## TASK DETAILS:
Start to finish, retype the entries exactly while omitting the pictures.

(RECORDS PROVIDED)

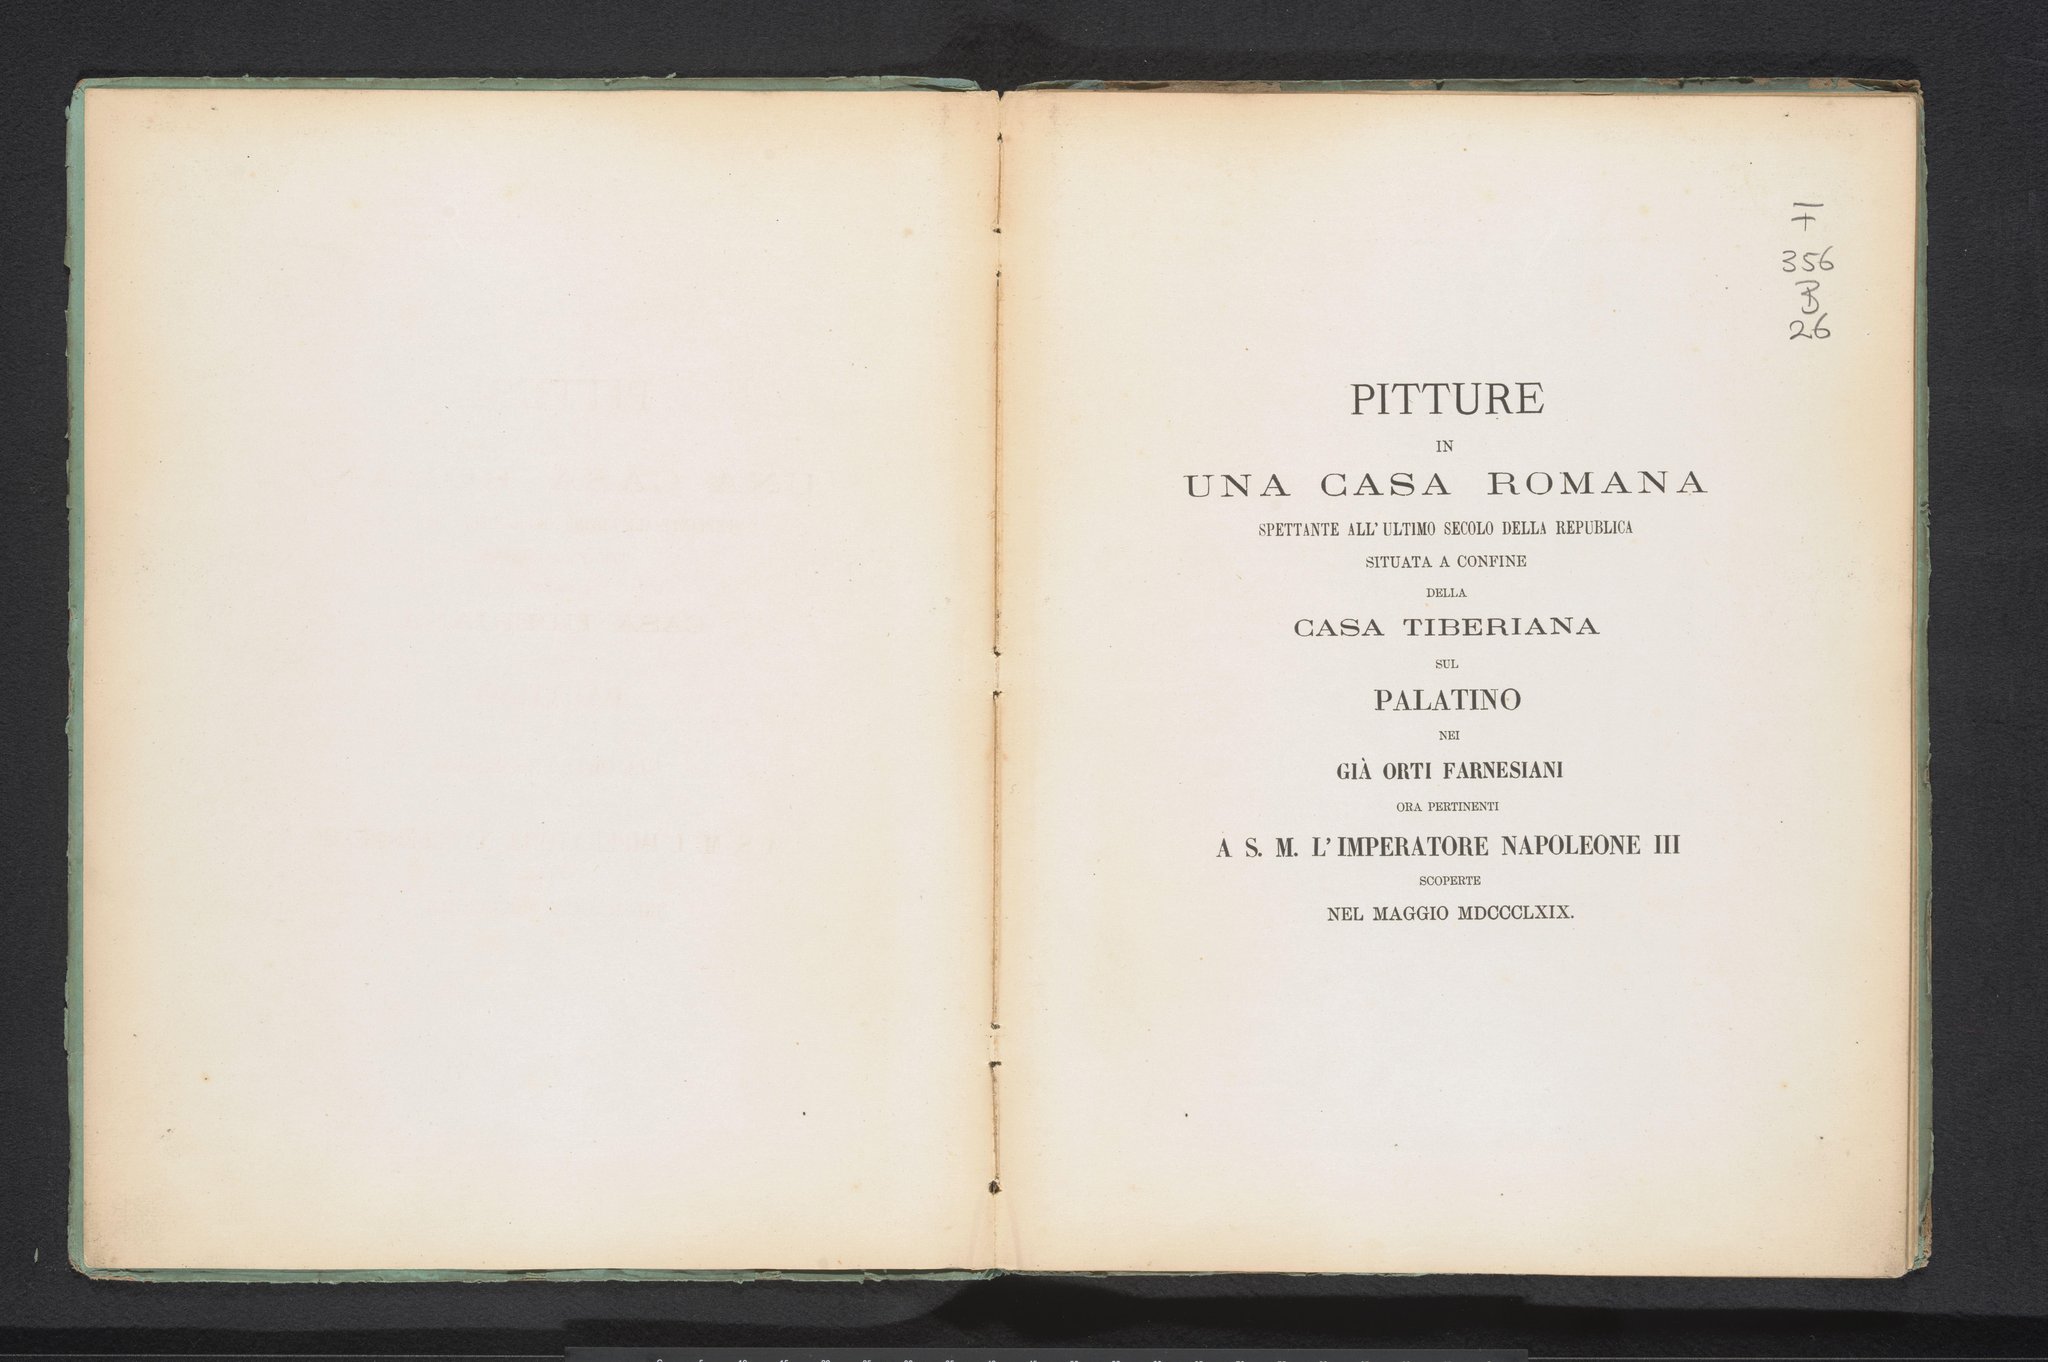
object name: book
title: Pitture in una casa romana spettante all'ultimo secolo della Republica situata a confine della Casa Tiberiana sul Palatino nei già orti farnesiani ora pertinenti a S.M. l'imperatore Napoleone III
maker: Anonymous
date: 1869
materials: cardboard, paper, photographic support
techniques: albumen print

(End RECORDS PROVIDED)

## WORKED SOLUTION:
object name: book
title: Pitture in una casa romana spettante all'ultimo secolo della Republica situata a confine della Casa Tiberiana sul Palatino nei già orti farnesiani ora pertinenti a S.M. l'imperatore Napoleone III
maker: Anonymous
date: 1869
materials: cardboard, paper, photographic support
techniques: albumen print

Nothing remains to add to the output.